Then there is the issue of cleaning up the null columns. There are extension points, such as data processing extensions. I think these are almost analogous to a step in the Web page life cycle but not sure exactly or else they would be called events. I would need to find the right one so that I can remove the null data column or labels on a pie chart at null percent, if that doesn't break the report. And I need to do it while it is still rdl. And just maybe if I still haven't found a way, transform the rdl to a pdf and change the content type. It appears I can add .net assemblies at the extension points. But is any of this correct? I am thinking like a developer, not like a seasoned SSRS pro. I'm trying, but any help pushing me in the right direction would be greatly appreciated.
I had tried revising that question a dozen times before asking, and it still seems unintelligible. Maybe my own answer will make my own question clear, and hopefully save someone else having to go through what I did, or at least be a quick dive into SSRS from a developer standpoint.
Creating a typical SSRS report involves (quick 40,000 foot overview)
1. Creating your data connection
2. Creating a SQL query or Queries which can be parameterized.
3. Datasets that the query result will fill
4. Mapping Dataset columns to Report Items; charts, tables, etc.
Then you build the report and deploy it to your report server, where the report can be requested by url with any SQL parameters Values added as a querystring:
http://reportserver/reportfolder/myreport?param1=data
How this works is that an RDL file (Report Definition Language) which is just an XML document with a specific schema is generated. The RDL has two elements that were relevant to me, and . As the names infer, the first contains the queries and the latter contains the graphs, charts, tables, etc. in the report and the mappings to the columns in the dataset.
When the report is requested, it goes through a processing pipeline on the report server. By implementing Interfaces in the reporting services namespace, one could create .NET assemblies that could transform the RDL at various stages in the pipeline.
Reporting Services also has two reporting API's. One for managing reports, and another for rendering. There is also the reportserver control which is a .NET Webforms control which is pretty rich in functionality and could be used to create and render reports without even needing a report server instance. The report files the control could generate were RDLC files, with the C standing for client.
Armed with all of this knowledge, I found several solution paths, but all of them were not optimal for my purposes and I have moved on to a solution that did not involve reporting services or RDL at all. But these may be of use to someone else.
I could transform the RDL file as it went through the pipeline. Not very performant, as this involved writing to the actual physical file, and then removing the modifications after rendering. I was also using SQL Server 2012, which only supported the 2.0/3.5 framework.
Then there were the services. Using either service, I could retrieve an RDL template as a byte array from my application. I wasn't limited by the CLR version here. With the management server, I could modify the RDL and deploy that to the Report Server. I would only need to modify the RDL once, but given the number of files I would need and having to manage them on the remote server, creating file structures by client/user/Dashboard/ReportWidget looked pretty ugly.
Alternatively, I instead of deploying the RDL templates, why not just store them in the database in byte array format. When I needed a specific instance, I could fetch the RDL template, add my queries and mappings to the template and then pass them to the execution service which would then render them. I could then save the resulting RDL in the database. It would be much easier for me to manage there. But now the report server would be useless, I would need my own services for management and to create subscriptions and to mail them I would need a queue service and an SMTP mailer, removing all the extras I would get from the report server, need to write a ton of custom code, and still be bound by RDL. So I would be creating RDLM, RDL mess.
It was the wrong tool for the job, but it was an interesting exercise, I learned more about Reporting Services from every angle, and was paid for most of that time. Maybe a blog post would be a better venue, but then I would need to go into much greater detail.

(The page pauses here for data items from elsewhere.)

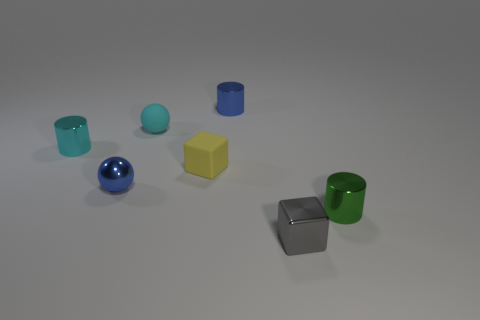Subtract all small cyan cylinders. How many cylinders are left? 2 Add 2 big yellow shiny balls. How many objects exist? 9 Subtract 1 cylinders. How many cylinders are left? 2 Subtract all cubes. How many objects are left? 5 Subtract all red cylinders. Subtract all brown balls. How many cylinders are left? 3 Add 1 tiny cylinders. How many tiny cylinders are left? 4 Add 5 small matte blocks. How many small matte blocks exist? 6 Subtract 0 gray balls. How many objects are left? 7 Subtract all yellow shiny objects. Subtract all small green shiny cylinders. How many objects are left? 6 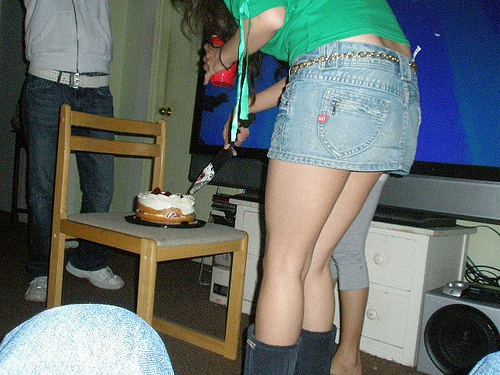Describe the objects in this image and their specific colors. I can see people in teal, tan, darkgray, lightblue, and black tones, people in teal, black, darkgray, gray, and olive tones, chair in teal, black, olive, tan, and gray tones, tv in teal, navy, darkblue, blue, and black tones, and people in teal, darkgray, and gray tones in this image. 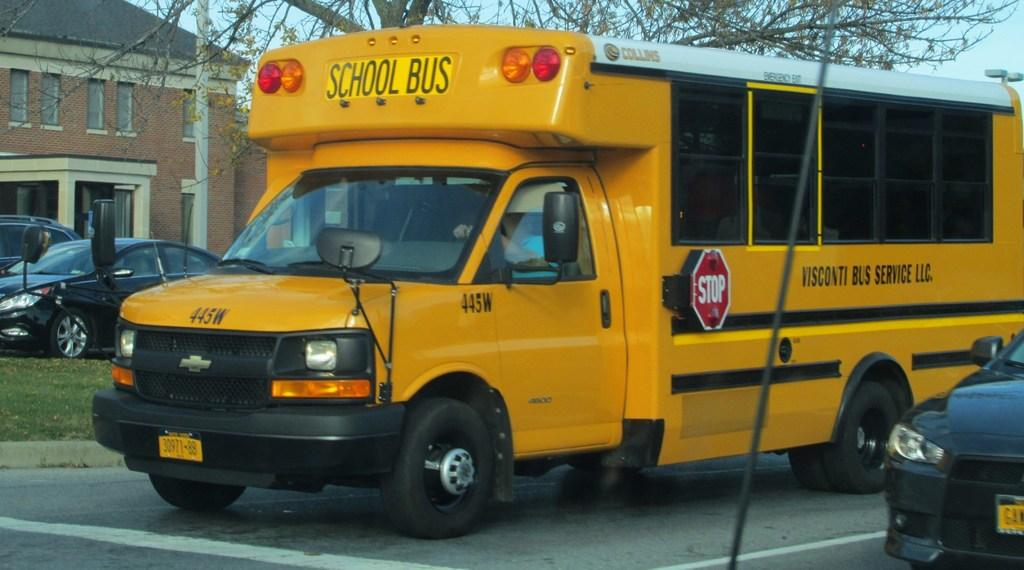<image>
Write a terse but informative summary of the picture. Yellow school bus with a black car parked beside it

Performance limitations of Scrapy (and other non-service scraping/extraction solutions)

I'm currently using a service that provides a simple to use API to set up web scrapers for data extraction. The extraction is rather simple: grab the title (both text and hyperlink url) and two other text attributes from each item in a list of items that varies in length from page to page, with a max length of 30 items.
The service performs this function well, however, the speed is somewhat slow at about 300 pages per hour. I'm currently scraping up to 150,000 pages of time sensitive data (I must use the data within a few days or it becomes "stale"), and I predict that number to grow several fold. My workaround is to clone these scrapers dozens of times and run them simultaneously on small sets of URLs, but this makes the process much more complicated.
My question is whether writing my own scraper using Scrapy (or some other solution) and running it from my own computer would achieve a performance greater than this, or is this magnitude simply not within the scope of solutions like Scrapy, Selenium, etc. on a single, well-specced home computer (attached to an 80mbit down, 8mbit up connection).
Thanks!
You didn't provide the site you are trying to scrape, so I can only answer according to my general knowledge.
I agree Scrapy should be able to go faster than that.
With Bulk Extract import.io is definitely faster, I have extracted 300 URLs in a minute, you may want to give it a try.
You do need to respect the website ToUs.

Identify web-objects from redundant URIs using HTTP requests

I am struggling with an ill-constructed web-server log file, which I want to summarize to analyse attendance of the hosted site. Unfortunately for me, the architecture of the site is messy, so that there are no indexes of the hosted objects (html pages, jpg images, pdf document, etc.) while several URIs can refer to the same page. For example :
http://www.site.fr/main.asp?page=foo.htm
http://www.site.fr/storage-tree/foo.htm
http://www.site.fr/specific.asp?id=200
http://www.site.fr/specific.asp?path=/storage-tree/foo.htm
etc. without any obvious regularities between the duplicate URIs.
How, conceptually and pratically, can I efficiently identify the pages? As I see the problem, the idea is to construct an index linking log's URIs with a unique-object identifier constructed from http requests. There are three loose constraints :
I use R for the statistical part, and would therefore prefer to use it for http processing too
logs consist in hundreds of thousands of different URIs (among which forms, search and database queries) so that rapidity might be a matter
If I want to be able to tell, even in three days or a month, that this new URI is a known previously identified page, I have store the features I use to assess that two URIs refer to the same page. Then, storage space is a matter.
This is pretty easy with httr:
library(httr)
HEAD("http://gmail.com")$url
You will probably also want to check the status_code returned by HEAD, as failures often won't be redirected.
(One advantage of using httr over RCurl here is that it automatically preserves the connection across multiple http calls to the same site, which makes things quite a bit faster)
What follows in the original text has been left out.